Hi , all I ask in other forum how to align two sequences in PERL, basically what I need is to find the complementary matching region between one sequence and the reverse complentary of the other one
Here is the code that I'm using
#!/usr/bin/perl
use warnings;
use strict;
sub complement {
$_[0] =~ y/CGAT/GCTA/;
return $_[0];
}
sub match {
my ($s1, $s2) = @_;
$s2 = reverse $s2;
complement $s2;
print "$s1\n";
my $s2l = length $s2;
for (my $length = $s2l; $length; $length--) { # start from the longest possible substring
for my $start (0 .. $s2l - $length) { # starting position of the matching substring
my $substr = substr $s2, $start, $length;
my $pos = index $s1, $substr;
if ($pos + 1) {
return ('-' x $pos) . complement "$substr" . ('-' x ($s2l - $length - $pos));
}
}
}
}
print match('CGTAAATCTATCTT',
'CATGCGTCTTTACG')
,"\n";
My problem is that using this I only get one result:
CGTAAATCTATCTT
GCATTT------A-
and my idea is to find the best complementary match between the two (OK, in this case this is the best one, but you have to imagine when I am dealing with sequences of hundreds and maybe thousands nucleotides), also i'm considering that the sequences will be of different length.

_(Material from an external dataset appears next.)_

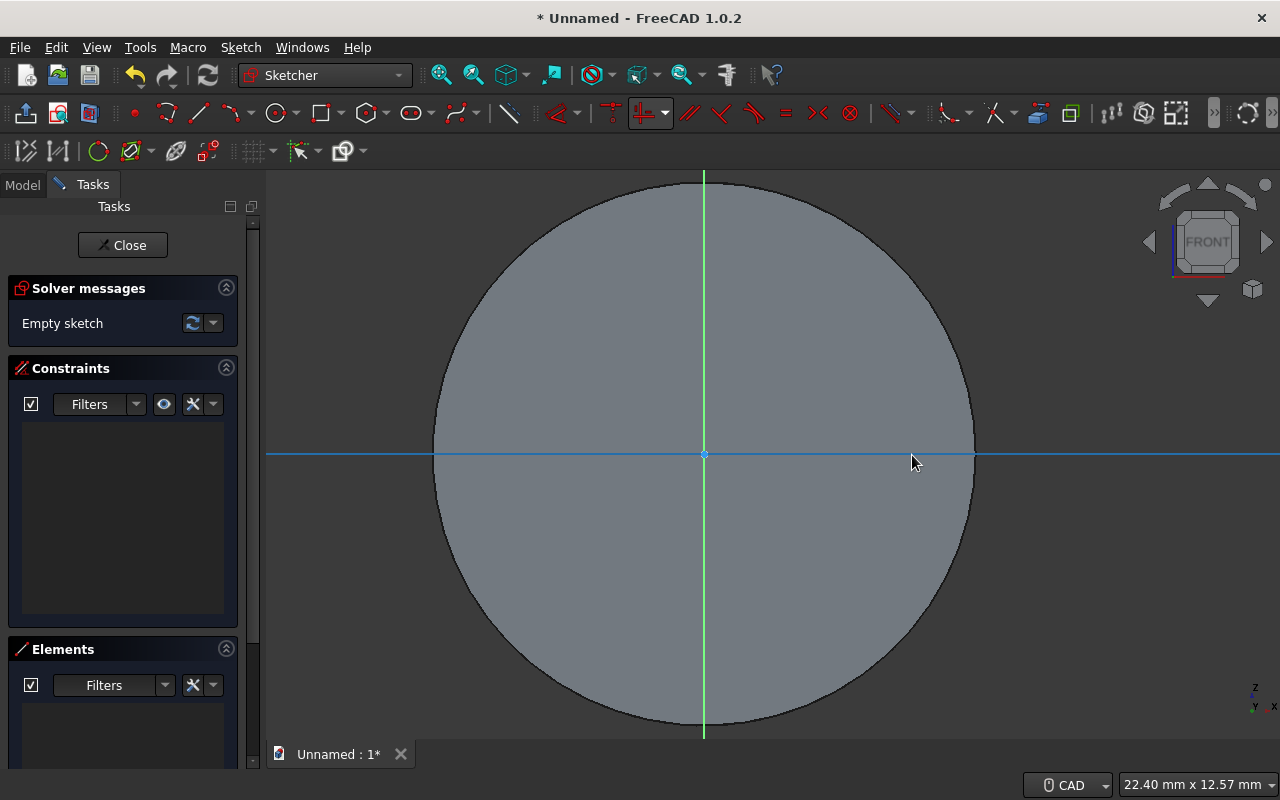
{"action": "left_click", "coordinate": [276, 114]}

I tried to use one approach similar to Smith and Waterman algorithm changing the matrix for complementary matrix: C-G/G-C amd T-A/A-T 1 and the rest 0
Thanks in advance
SW will not make the gaps needed in this case unless you can penalise them less. Perhaps increase the match values from 1 to something larger and reduce the gap open and extension penalties.